2011 Gardening Resolutions – Check-Up

December means it’s time to look back across the past 12 months to see how much progress has been made on integrating the inner gardener’s 2011 resolutions into the garden sanctuary. It’s a good way to stay on track with those gardening hopes and dreams and come up with some new resolutions next month.
  • The unfinished, or never-started, projects from 2010. The fallen cherry tree was removed from my rhododendron patch and sawn up into boards. While the tree cutters were here, we had them fell some dead trees and high-limb others.
  • Unplanned projects. When the tree-cutters dropped one on my rustic cedar fence, the undergardener repaired it, and added a new section that fulfilled a long-ago promise.
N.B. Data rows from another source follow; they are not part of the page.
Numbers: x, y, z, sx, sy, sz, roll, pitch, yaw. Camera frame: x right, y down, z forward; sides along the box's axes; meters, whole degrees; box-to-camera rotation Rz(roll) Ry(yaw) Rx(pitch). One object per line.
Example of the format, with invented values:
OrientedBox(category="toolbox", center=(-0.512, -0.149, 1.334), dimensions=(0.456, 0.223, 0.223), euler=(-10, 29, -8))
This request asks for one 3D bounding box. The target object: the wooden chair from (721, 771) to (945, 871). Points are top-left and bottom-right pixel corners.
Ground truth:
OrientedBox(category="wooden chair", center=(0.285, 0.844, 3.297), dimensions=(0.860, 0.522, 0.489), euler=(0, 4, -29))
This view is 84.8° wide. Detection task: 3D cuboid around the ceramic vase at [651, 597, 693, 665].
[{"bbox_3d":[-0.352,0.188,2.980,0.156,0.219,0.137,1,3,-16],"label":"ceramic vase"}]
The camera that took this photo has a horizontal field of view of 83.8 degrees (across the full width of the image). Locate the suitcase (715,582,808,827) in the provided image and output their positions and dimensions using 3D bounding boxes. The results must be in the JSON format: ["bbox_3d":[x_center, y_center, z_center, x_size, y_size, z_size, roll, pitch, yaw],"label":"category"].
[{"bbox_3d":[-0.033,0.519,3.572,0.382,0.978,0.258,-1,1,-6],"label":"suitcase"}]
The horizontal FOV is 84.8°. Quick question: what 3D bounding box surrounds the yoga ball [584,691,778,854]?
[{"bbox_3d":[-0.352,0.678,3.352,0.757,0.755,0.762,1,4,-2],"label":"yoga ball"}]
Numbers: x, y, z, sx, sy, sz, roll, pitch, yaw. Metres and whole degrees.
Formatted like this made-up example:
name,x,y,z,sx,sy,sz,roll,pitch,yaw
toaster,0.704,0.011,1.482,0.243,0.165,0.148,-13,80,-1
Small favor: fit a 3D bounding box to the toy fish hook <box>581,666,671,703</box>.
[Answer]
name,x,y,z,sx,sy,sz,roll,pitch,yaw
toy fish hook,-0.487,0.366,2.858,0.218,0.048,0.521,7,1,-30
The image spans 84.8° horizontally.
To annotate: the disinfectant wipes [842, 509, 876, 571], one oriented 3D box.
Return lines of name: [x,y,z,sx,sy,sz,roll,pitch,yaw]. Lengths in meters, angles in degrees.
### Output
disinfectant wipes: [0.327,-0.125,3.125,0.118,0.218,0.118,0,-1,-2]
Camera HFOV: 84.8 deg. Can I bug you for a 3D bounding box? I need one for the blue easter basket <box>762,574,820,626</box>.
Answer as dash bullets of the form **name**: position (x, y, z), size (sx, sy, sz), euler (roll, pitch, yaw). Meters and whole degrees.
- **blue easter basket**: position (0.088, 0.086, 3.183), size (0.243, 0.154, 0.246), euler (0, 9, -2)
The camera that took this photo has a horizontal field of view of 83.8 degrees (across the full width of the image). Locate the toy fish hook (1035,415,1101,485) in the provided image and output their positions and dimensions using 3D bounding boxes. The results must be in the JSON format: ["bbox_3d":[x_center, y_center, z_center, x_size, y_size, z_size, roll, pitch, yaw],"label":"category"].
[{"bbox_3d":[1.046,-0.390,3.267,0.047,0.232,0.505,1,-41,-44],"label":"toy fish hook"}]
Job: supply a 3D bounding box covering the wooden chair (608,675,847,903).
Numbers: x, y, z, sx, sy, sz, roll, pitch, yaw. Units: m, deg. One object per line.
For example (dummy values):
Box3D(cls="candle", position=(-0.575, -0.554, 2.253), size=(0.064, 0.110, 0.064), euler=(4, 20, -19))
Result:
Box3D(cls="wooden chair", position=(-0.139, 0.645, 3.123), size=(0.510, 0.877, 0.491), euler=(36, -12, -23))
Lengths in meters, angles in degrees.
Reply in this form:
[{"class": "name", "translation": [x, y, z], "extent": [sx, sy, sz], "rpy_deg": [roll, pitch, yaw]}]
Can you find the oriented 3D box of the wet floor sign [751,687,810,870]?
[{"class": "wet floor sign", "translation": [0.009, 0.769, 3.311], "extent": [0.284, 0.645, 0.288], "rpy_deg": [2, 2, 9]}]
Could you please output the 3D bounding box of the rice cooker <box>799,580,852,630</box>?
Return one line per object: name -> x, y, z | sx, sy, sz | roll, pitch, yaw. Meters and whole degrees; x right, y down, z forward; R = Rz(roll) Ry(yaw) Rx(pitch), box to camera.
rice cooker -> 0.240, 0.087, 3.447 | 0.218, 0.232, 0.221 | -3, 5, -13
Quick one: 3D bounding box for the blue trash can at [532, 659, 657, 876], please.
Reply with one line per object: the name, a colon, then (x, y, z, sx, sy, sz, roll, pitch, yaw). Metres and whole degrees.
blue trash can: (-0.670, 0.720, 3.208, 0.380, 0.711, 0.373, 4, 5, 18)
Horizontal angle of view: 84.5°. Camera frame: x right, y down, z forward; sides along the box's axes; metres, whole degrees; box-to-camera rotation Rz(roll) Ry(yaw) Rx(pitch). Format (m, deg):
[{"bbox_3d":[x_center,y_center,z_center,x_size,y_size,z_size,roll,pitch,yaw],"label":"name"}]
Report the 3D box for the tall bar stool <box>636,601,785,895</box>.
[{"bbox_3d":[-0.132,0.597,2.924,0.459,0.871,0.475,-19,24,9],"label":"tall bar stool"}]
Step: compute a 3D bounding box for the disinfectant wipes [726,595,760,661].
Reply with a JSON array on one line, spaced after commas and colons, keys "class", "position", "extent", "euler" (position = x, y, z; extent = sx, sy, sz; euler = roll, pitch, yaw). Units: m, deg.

  • We added a 65-inch bass wind chime in early spring and have enjoyed listening to it hum the sound “Om” all year.
  • Our major project for this year, the expansion of the deer exclosure including a gate across the driveway, has been completed. We decided to leave the gate as-is, because it’s nearly invisible.
  • New plants installed this year. We replaced the blue globe thistles in front of the propane tank screen with sea holly in the fall. Their size should be more appropriate for the space. We planted ‘Lavendar Lassie’ climbing roses and Clematis ‘Cassis’ to sprawl over the pillars that flank either side of the screen.
  • For what seems like the hundredth time, I added two creamy-white Digitalis plants to the white and fern garden. They have survived so far, and their neat, compact whorls are ready to grow come spring.
  • The blue garden and the berm got ahead of me in mid-June and I never caught up. My   three-year-old gentian plants have weathered several hard frosts and are still blooming  valiantly. They’ve held their flowers for over two months, now.
  • The new "courtyard" seating area out front is in its winter mode and looks a little stark,  but without the deer being able to nibble the ferns, I’m expecting a thick, lush look once  spring arrives.
  • The mass bulb planting planned along the driveway was postponed until next year, due to exceptionally wet and warm weather this fall. 
  • We also put in some field-trial plants -- four 'North Pole' Arborvitae just inside the exclosure for privacy screening, together with four field-grown White Cedars -- plus two Oso Easy 'Honey Bun' landscape roses and two "Snow Day Surprise' Pearl Bush shrubs.
Each year, we generally set aside time between Thanksgiving and New Year’s to catch our breath, put our feet up, and start dreaming about what gardening resolutions we want to set for the coming year. I invite you to do the same.